Denise Apigo of Bilao jokes about how her sister once told her, teasingly, “You should name your menu, ‘The Menu That Tita Disapproves of.'”

Not Your Lola’s, too, doesn’t get bogged down in tradition. The guys behind this pop-up create modern spins on Filipino food, be it okra lumpia—their play on the Texas barbecue side—or longanisa meatball roll. A week ago, after a hiatus, Not Your Lola’s was slinging Filipino barbecue at Trinity Cider in Deep Ellum. Watch their Instagram for another announcement for preorders.

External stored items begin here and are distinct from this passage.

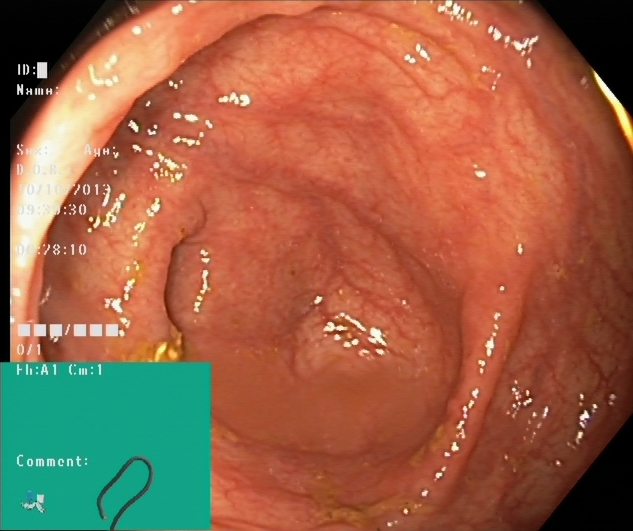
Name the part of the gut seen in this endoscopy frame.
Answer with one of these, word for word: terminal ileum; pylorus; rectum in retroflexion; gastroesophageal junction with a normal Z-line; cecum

cecum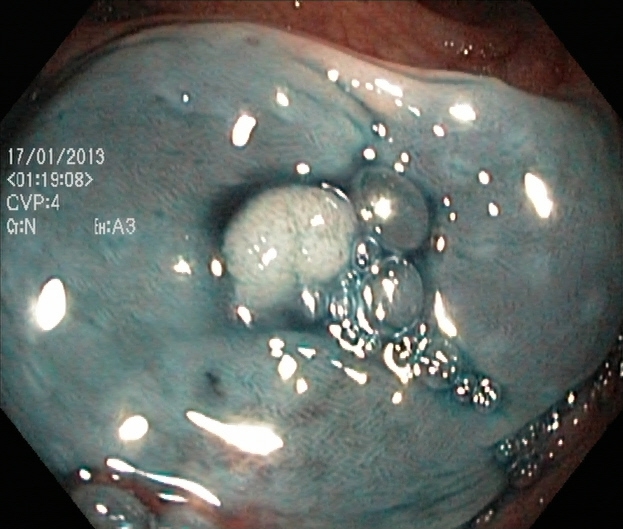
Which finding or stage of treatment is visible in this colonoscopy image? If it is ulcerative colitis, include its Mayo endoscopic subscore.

dyed and lifted polyp (pre-resection)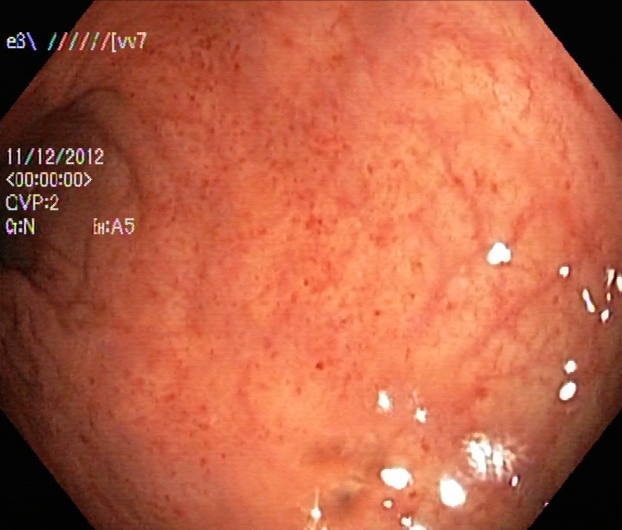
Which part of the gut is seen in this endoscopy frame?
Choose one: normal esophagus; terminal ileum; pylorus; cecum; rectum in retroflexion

cecum

Ulam, the pop-up that Anna Swann started in 2017, is a beloved go-to. She’s hosting a preorder-and-pickup pop-up at Khao Noodle Shop on August 28. Meanwhile newcomer The Pandesal Palace has burst onto the scene, selling out of their incredible baked goods each weekend (the dulce de leche ensaymadas are a must).

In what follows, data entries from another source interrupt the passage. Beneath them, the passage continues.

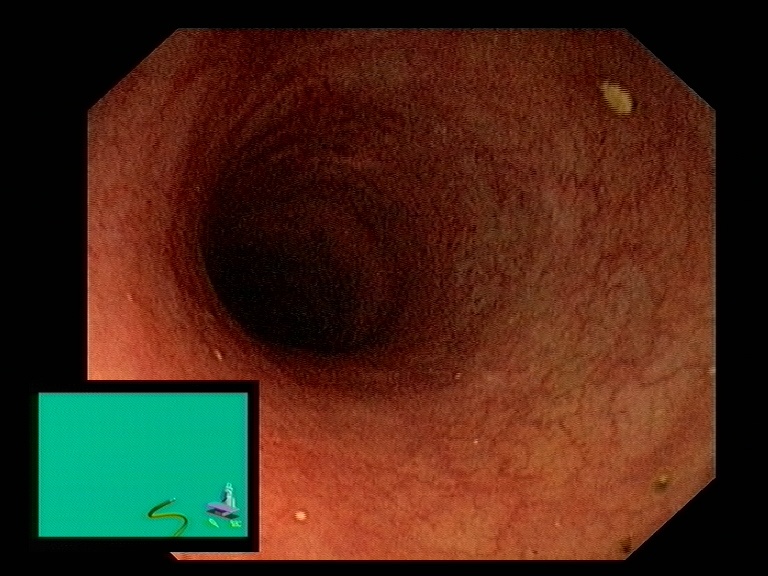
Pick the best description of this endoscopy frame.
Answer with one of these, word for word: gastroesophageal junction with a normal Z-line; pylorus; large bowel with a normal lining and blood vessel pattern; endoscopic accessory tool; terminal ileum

large bowel with a normal lining and blood vessel pattern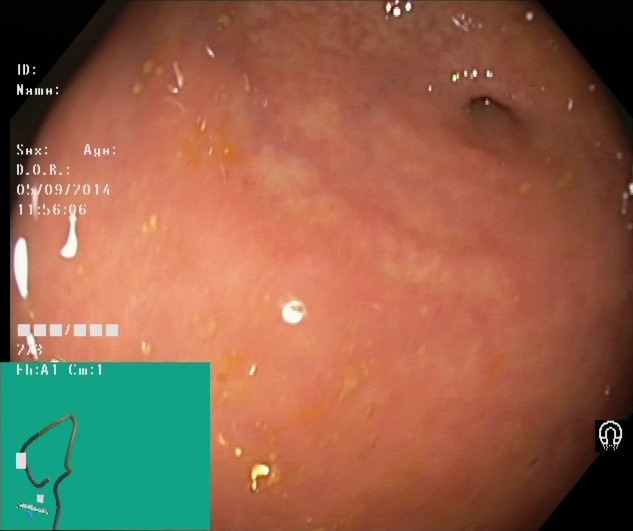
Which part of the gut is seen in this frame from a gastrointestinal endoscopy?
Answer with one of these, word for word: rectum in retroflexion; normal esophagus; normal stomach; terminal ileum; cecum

cecum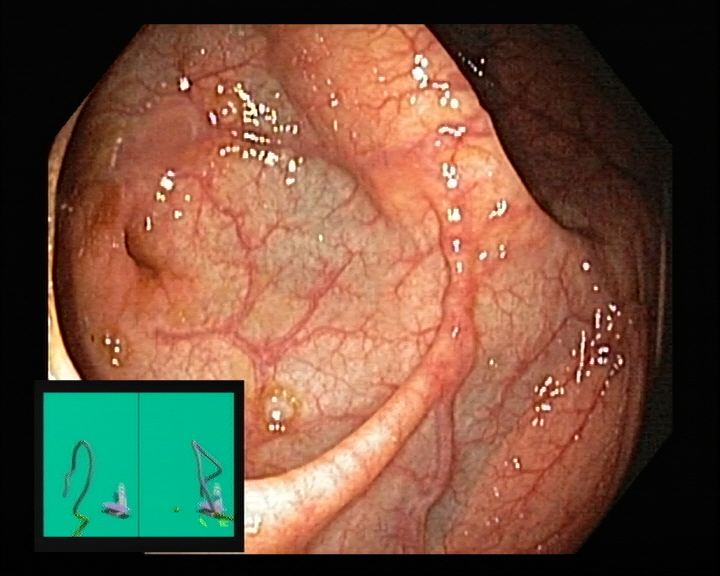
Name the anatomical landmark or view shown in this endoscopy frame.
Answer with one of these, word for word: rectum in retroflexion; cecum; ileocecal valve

cecum

In March, right before the city shut down, I went to the first-ever Filipino Food Festival in Dallas at Four Corner’s Brewing, surely one of the last allowable mass gatherings. It was packed. Hours-long lines wending out the taproom and throughout the beer garden, populated by folks balancing El Chingón beer in one hand and mini plates of lumpia in the other. The vendors didn’t anticipate the sheer number of folks who would turn out for the inaugural fest. Many food booths were selling out long before the event’s end time to some disappointed fest-goers, but mostly people remained in good spirits. I think they were feeling seen, uplifted by the community showing up, inspired by how many desperately wanted to eat their food.

The ladies of Bahay hope its the first of many more Filipino Food Festivals. “We want future chefs out there to have a venue or have an avenue,” says Rachel Trammell, one half of Hellalumpia with Sarah Rañola. “We want to be the people that we were looking for when we started out.”

After all, a food movement halts for no one and nothing, including a pandemic. I’ll be dreaming of a time when we can tightly fill a brewery again, waiting for passed bites of food, laughing at how ridiculous we all are for spending a whole day doing this, talking about how each morsel is entirely worth it.

Until then, I hope you’ll be ordering a taste of what our Filipino food scene has to offer.